**RECORDS FOR PROCESSING**
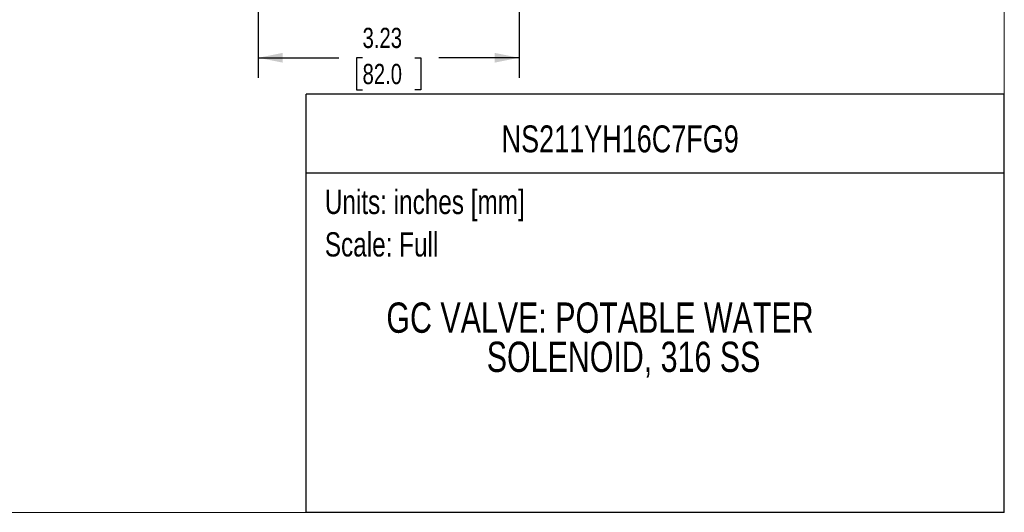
# Model space of a CAD drawing. Header units: inches. Extents: x 0 to 22, y 0 to 17.
# Tile 7 of 13: x 9.8 to 22, y 0 to 6.1. Entities that reach past the tile are written whole.
import ezdxf
from ezdxf.enums import TextEntityAlignment as Align

# ---------------------------------------------------------------- set-up
doc = ezdxf.new("R2010")
doc.units = ezdxf.units.IN
doc.header["$LTSCALE"] = 2
doc.header["$MEASUREMENT"] = 0
doc.linetypes.add('SLD-Solid', pattern=[0])
doc.layers.add('DIMENSIONS', color=140, linetype='SLD-Solid', lineweight=25)
doc.layers.add('TEXT', color=140, linetype='SLD-Solid', lineweight=25)
doc.layers.add('SLD-DEFPOINTS', color=7, linetype='Continuous')
doc.styles.add('SLDTEXTSTYLE0', font='TXT', dxfattribs={"width": 0.75})
doc.dimstyles.new('SLDDIMSTYLE2', dxfattribs={"dimtxt": 0.25, "dimasz": 0.3, "dimexe": 0, "dimexo": 0.0625, "dimgap": 0.0625, "dimtad": 0, "dimtih": 1, "dimtoh": 1, "dimrnd": 1e-09, "dimzin": 12, "dimdsep": 46, "dimtxsty": 'SLDTEXTSTYLE0', "dimsah": 1, "dimcen": 0.09, "dimadec": 0, "dimazin": 3, "dimtfac": 1, "dimtofl": 0, "dimtmove": 0, "dimatfit": 3, "dimfxl": 0, "dimfrac": 2, "dimtolj": 1, "dimtzin": 12, "dimarcsym": 0})

# ---------------------------------------------------------------- blocks, each defined once
blk = doc.blocks.new('SW_NOTE_0')
at = {"layer": 'TEXT', "color": 0, "insert": (0, 0.387), "char_height": 0.3, "attachment_point": 1, "style": 'SLDTEXTSTYLE0'}
blk.add_mtext('Scale: Full', dxfattribs=at)
blk = doc.blocks.new('SW_NOTE_0_1')
at = {"layer": 'TEXT', "color": 0, "insert": (0, 0.387), "char_height": 0.3, "attachment_point": 1, "style": 'SLDTEXTSTYLE0'}
blk.add_mtext('Units: inches [mm]', dxfattribs=at)
blk = doc.blocks.new('Block1')
at = {"layer": 'TEXT'}
for p, q in [((22, 5.178), (13.358, 5.178)), ((13.358, 0), (13.358, 5.178)), ((22, 0), (22, 5.178)), ((13.358, 4.204), (22, 4.204)), ((22, 0), (13.358, 0))]:
    blk.add_line(p, q, dxfattribs=at)
for name, p in [('SW_NOTE_0_1', (13.59, 3.607)), ('SW_NOTE_0', (13.59, 3.081))]:
    blk.add_blockref(name, p, dxfattribs=at)
at = {"layer": 'TEXT', "color": 140, "style": 'SLDTEXTSTYLE0', "width": 0.75}
for tag, height, p in [('AUTOATTR0', 0.333, (17.642, 4.784)), ('AUTOATTR1_0', 0.375, (17.691, 2.59)), ('AUTOATTR1_1', 0.375, (17.68, 2.105))]:
    blk.add_attdef(tag, text='', height=height, dxfattribs=at).set_placement(p, align=Align.TOP_CENTER)
blk = doc.blocks.new('Block2')
at = {"color": 7, "linetype": 'SLD-Solid', "lineweight": 18}
for q in [(22, 17), (0, 0)]:
    blk.add_line((22, 0), q, dxfattribs=at)
blk = doc.blocks.new('_D_4')
at = {"layer": 'DIMENSIONS'}
for p, q in [((12.766, 7.875), (12.766, 5.379)), ((15.994, 7.875), (15.994, 5.379)), ((12.766, 5.629), (13.762, 5.629)), ((14.057, 5.627), (13.981, 5.627)), ((13.981, 5.627), (13.981, 5.23)), ((14.704, 5.627), (14.78, 5.627)), ((14.78, 5.627), (14.78, 5.23)), ((15.994, 5.629), (14.999, 5.629)), ((13.981, 5.23), (14.057, 5.23)), ((14.78, 5.23), (14.704, 5.23))]:
    blk.add_line(p, q, dxfattribs=at)
for points in [[(12.766, 5.629), (13.066, 5.569), (13.066, 5.689)], [(15.994, 5.629), (15.694, 5.689), (15.694, 5.569)]]:
    blk.add_solid(points, dxfattribs=at)
at = {"layer": 'DIMENSIONS', "char_height": 0.25, "attachment_point": 1, "style": 'SLDTEXTSTYLE0'}
for s, insert in [('3.23', (14.057, 6)), ('82.0', (14.057, 5.553))]:
    blk.add_mtext(s, dxfattribs=dict(at, insert=insert))

msp = doc.modelspace()

# ---------------------------------------------------------------- block references
at = {"layer": 'SLD-DEFPOINTS'}
msp.add_blockref('Block2', (0, 0), dxfattribs=at)
ref = msp.add_blockref('Block1', (0, 0), dxfattribs=at)
ref.add_attrib('AUTOATTR0', 'NS211YH16C7FG9', dxfattribs={"layer": 'TEXT', "height": 0.33333, "style": 'SLDTEXTSTYLE0', "width": 0.75}).set_placement((15.778, 4.358), align=Align.BOTTOM_LEFT)
ref.add_attrib('AUTOATTR1_0', 'GC VALVE: POTABLE WATER ', dxfattribs={"layer": 'TEXT', "height": 0.375, "style": 'SLDTEXTSTYLE0', "width": 0.75}).set_placement((14.352, 2.111), align=Align.BOTTOM_LEFT)
ref.add_attrib('AUTOATTR1_1', 'SOLENOID, 316 SS', dxfattribs={"layer": 'TEXT', "height": 0.375, "style": 'SLDTEXTSTYLE0', "width": 0.75}).set_placement((15.594, 1.626), align=Align.BOTTOM_LEFT)

# ---------------------------------------------------------------- dimensions: what is measured, and where the dimension line sits
at = {"layer": 'DIMENSIONS'}
dim = msp.add_linear_dim(base=(15.994, 5.629), p1=(12.766, 7.975), p2=(15.994, 7.975), dimstyle='SLDDIMSTYLE2', dxfattribs=at)
dim.commit()
dim.dimension.update_dxf_attribs({"geometry": '_D_4', "text_midpoint": (14.38, 5.629), "dimtype": 160})

doc.saveas('drawing.dxf')

**PROBLEM STATEMENT**
Give back exactly the lines starting at the one with "for points in" and running to the end of the listing. Include both ends.

**OUTPUT OF THE EXERCISE**
for points in [[(12.766, 5.629), (13.066, 5.569), (13.066, 5.689)], [(15.994, 5.629), (15.694, 5.689), (15.694, 5.569)]]:
    blk.add_solid(points, dxfattribs=at)
at = {"layer": 'DIMENSIONS', "char_height": 0.25, "attachment_point": 1, "style": 'SLDTEXTSTYLE0'}
for s, insert in [('3.23', (14.057, 6)), ('82.0', (14.057, 5.553))]:
    blk.add_mtext(s, dxfattribs=dict(at, insert=insert))

msp = doc.modelspace()

# ---------------------------------------------------------------- block references
at = {"layer": 'SLD-DEFPOINTS'}
msp.add_blockref('Block2', (0, 0), dxfattribs=at)
ref = msp.add_blockref('Block1', (0, 0), dxfattribs=at)
ref.add_attrib('AUTOATTR0', 'NS211YH16C7FG9', dxfattribs={"layer": 'TEXT', "height": 0.33333, "style": 'SLDTEXTSTYLE0', "width": 0.75}).set_placement((15.778, 4.358), align=Align.BOTTOM_LEFT)
ref.add_attrib('AUTOATTR1_0', 'GC VALVE: POTABLE WATER ', dxfattribs={"layer": 'TEXT', "height": 0.375, "style": 'SLDTEXTSTYLE0', "width": 0.75}).set_placement((14.352, 2.111), align=Align.BOTTOM_LEFT)
ref.add_attrib('AUTOATTR1_1', 'SOLENOID, 316 SS', dxfattribs={"layer": 'TEXT', "height": 0.375, "style": 'SLDTEXTSTYLE0', "width": 0.75}).set_placement((15.594, 1.626), align=Align.BOTTOM_LEFT)

# ---------------------------------------------------------------- dimensions: what is measured, and where the dimension line sits
at = {"layer": 'DIMENSIONS'}
dim = msp.add_linear_dim(base=(15.994, 5.629), p1=(12.766, 7.975), p2=(15.994, 7.975), dimstyle='SLDDIMSTYLE2', dxfattribs=at)
dim.commit()
dim.dimension.update_dxf_attribs({"geometry": '_D_4', "text_midpoint": (14.38, 5.629), "dimtype": 160})

doc.saveas('drawing.dxf')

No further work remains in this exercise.